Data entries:
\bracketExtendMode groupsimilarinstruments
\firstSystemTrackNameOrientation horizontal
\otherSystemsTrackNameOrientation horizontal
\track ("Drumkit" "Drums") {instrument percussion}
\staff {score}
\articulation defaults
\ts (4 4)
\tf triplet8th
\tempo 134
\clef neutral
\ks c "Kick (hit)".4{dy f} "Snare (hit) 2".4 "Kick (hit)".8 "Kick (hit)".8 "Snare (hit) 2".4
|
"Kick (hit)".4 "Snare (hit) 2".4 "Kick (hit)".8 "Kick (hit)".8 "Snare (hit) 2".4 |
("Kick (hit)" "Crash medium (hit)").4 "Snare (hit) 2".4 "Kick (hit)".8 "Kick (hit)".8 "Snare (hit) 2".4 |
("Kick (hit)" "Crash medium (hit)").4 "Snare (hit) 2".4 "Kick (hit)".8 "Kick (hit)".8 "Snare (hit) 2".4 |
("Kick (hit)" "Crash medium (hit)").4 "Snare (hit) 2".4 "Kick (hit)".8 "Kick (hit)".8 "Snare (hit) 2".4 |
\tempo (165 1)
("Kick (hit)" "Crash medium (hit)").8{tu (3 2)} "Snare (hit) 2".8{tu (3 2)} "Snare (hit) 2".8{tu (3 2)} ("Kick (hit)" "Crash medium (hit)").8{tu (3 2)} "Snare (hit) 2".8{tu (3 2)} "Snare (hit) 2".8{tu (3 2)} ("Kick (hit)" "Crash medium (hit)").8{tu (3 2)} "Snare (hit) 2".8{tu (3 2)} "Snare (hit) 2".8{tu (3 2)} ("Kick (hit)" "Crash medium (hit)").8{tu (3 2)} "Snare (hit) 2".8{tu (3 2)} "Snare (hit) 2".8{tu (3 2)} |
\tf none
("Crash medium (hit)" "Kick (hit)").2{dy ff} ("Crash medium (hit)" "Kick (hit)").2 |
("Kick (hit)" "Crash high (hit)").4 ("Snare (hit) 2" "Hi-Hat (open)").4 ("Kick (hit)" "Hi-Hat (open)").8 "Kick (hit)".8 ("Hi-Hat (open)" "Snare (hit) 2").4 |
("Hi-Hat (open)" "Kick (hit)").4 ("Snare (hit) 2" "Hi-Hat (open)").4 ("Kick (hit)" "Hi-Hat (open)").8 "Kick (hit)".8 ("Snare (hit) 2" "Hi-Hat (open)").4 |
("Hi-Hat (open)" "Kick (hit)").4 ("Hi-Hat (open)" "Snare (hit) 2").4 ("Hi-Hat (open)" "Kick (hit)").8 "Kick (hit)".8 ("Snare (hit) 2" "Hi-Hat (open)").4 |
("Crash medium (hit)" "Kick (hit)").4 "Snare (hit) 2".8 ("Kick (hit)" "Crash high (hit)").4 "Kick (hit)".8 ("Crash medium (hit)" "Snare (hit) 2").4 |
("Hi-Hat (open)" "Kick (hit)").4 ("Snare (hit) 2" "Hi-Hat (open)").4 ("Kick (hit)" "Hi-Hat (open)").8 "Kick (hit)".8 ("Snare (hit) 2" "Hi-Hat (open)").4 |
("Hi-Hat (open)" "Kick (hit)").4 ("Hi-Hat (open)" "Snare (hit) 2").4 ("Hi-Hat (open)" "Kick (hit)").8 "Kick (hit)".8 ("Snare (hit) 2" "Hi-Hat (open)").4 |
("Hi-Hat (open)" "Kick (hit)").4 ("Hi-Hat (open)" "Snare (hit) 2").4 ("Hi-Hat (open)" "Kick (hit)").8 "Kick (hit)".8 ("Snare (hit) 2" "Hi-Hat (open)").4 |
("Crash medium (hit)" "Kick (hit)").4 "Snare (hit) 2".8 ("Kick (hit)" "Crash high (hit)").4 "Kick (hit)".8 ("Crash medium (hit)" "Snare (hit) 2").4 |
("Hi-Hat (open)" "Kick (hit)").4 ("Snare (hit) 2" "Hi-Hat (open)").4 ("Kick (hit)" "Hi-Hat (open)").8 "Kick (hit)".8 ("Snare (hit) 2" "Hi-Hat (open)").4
--
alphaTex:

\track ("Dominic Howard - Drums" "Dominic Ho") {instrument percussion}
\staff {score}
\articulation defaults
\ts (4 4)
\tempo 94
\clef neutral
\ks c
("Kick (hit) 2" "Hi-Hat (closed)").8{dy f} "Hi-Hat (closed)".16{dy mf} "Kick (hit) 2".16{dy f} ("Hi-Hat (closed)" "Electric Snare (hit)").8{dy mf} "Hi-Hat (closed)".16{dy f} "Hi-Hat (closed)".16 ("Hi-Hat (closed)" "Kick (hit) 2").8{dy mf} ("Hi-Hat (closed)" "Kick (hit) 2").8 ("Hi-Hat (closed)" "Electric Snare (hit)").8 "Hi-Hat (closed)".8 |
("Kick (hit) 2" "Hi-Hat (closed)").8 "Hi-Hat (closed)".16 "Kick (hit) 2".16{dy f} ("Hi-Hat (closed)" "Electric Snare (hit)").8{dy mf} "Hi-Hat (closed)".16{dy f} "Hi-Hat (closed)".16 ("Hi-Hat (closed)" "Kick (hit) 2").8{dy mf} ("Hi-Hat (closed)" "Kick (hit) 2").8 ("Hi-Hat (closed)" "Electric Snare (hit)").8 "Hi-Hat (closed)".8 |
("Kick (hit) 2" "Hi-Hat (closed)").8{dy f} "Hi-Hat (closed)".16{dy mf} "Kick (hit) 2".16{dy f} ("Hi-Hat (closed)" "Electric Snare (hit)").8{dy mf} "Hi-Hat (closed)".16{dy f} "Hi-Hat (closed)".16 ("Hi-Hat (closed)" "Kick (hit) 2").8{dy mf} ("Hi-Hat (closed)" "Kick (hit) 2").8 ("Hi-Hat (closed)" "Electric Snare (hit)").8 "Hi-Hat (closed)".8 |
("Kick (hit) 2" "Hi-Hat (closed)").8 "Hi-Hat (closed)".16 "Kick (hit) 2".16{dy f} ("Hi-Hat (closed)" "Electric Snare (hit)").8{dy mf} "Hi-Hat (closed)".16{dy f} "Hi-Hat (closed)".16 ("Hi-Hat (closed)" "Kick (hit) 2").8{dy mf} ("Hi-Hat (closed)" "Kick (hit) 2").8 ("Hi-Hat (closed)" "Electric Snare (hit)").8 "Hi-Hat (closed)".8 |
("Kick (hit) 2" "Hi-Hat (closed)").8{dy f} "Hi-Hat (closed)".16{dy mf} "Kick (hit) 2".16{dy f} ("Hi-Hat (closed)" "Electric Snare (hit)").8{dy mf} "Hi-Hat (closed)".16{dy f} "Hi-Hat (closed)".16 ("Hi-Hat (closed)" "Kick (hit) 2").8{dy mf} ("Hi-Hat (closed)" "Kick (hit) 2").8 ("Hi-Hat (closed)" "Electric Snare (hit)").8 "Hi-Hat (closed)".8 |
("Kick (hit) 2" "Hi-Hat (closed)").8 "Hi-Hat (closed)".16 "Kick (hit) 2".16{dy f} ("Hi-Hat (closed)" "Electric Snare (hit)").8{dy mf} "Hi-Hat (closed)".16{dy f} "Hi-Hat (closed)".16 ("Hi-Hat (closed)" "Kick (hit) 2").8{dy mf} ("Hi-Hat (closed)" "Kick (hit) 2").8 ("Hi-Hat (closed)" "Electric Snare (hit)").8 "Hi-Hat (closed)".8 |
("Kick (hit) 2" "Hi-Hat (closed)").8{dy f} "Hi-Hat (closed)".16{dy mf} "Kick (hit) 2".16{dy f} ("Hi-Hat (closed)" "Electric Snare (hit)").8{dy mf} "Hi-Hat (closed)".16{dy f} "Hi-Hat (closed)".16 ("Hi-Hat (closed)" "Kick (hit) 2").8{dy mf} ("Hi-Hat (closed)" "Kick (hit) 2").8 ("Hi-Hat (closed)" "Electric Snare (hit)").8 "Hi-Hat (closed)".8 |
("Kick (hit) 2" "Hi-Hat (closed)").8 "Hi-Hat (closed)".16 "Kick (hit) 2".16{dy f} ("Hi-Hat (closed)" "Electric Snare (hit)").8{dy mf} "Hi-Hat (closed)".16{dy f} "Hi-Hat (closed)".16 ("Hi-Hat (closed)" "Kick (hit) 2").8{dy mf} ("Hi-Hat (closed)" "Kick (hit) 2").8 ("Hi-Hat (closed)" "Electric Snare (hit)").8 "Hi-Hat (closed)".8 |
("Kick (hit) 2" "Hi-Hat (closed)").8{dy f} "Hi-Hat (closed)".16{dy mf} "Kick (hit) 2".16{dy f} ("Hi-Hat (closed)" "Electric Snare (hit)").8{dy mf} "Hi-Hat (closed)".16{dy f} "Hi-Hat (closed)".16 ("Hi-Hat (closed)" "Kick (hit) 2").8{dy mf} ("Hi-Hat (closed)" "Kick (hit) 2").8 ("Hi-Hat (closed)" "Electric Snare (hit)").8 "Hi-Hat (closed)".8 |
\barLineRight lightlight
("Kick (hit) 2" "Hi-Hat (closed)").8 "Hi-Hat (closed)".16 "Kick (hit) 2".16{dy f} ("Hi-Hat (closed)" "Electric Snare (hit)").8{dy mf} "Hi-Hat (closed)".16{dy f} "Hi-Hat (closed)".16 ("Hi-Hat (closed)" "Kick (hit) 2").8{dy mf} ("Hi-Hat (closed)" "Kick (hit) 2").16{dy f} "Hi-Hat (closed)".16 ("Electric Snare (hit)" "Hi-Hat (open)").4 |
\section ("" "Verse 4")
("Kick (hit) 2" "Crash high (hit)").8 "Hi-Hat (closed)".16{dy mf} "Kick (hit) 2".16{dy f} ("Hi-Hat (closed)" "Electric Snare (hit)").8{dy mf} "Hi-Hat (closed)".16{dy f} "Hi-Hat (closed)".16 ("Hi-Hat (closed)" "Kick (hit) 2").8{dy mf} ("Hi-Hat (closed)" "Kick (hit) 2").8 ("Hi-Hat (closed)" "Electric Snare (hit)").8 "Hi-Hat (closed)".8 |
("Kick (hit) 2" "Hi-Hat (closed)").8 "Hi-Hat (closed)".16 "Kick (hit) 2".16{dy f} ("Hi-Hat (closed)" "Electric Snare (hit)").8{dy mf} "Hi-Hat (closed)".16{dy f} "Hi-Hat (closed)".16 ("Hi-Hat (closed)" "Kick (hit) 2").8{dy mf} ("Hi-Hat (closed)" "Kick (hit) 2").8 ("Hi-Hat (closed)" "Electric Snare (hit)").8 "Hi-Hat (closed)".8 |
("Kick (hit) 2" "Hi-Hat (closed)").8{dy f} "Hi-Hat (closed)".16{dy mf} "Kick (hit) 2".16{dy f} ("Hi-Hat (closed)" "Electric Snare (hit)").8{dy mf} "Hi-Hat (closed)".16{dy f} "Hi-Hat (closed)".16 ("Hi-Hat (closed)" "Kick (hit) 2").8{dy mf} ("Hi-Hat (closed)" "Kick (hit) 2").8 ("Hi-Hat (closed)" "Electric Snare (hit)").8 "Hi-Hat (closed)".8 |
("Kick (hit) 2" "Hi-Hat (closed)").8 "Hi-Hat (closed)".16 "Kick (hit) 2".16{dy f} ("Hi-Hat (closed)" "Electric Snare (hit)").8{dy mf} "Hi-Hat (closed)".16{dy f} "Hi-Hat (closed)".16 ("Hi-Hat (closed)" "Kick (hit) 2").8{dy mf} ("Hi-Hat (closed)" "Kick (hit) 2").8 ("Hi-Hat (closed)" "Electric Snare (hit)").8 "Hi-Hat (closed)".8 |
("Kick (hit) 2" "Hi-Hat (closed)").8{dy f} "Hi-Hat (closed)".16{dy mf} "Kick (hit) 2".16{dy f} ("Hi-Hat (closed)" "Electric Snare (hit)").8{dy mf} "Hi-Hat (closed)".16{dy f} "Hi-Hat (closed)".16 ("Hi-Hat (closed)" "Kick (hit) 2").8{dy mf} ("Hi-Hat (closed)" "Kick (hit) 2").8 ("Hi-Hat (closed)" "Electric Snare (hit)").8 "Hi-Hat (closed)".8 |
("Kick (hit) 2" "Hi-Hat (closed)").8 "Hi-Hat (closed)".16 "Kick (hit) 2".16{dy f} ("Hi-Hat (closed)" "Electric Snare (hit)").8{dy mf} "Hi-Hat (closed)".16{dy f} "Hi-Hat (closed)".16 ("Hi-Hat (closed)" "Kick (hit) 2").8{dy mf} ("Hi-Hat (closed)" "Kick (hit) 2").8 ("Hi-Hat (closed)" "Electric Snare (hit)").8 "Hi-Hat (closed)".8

WHAT THE TASK REQUIRES:
Wherever the word "Drums" appears in the records above, copy that line.

EXERCISE OUTPUT:
\track ("Drumkit" "Drums") {instrument percussion}
\track ("Dominic Howard - Drums" "Dominic Ho") {instrument percussion}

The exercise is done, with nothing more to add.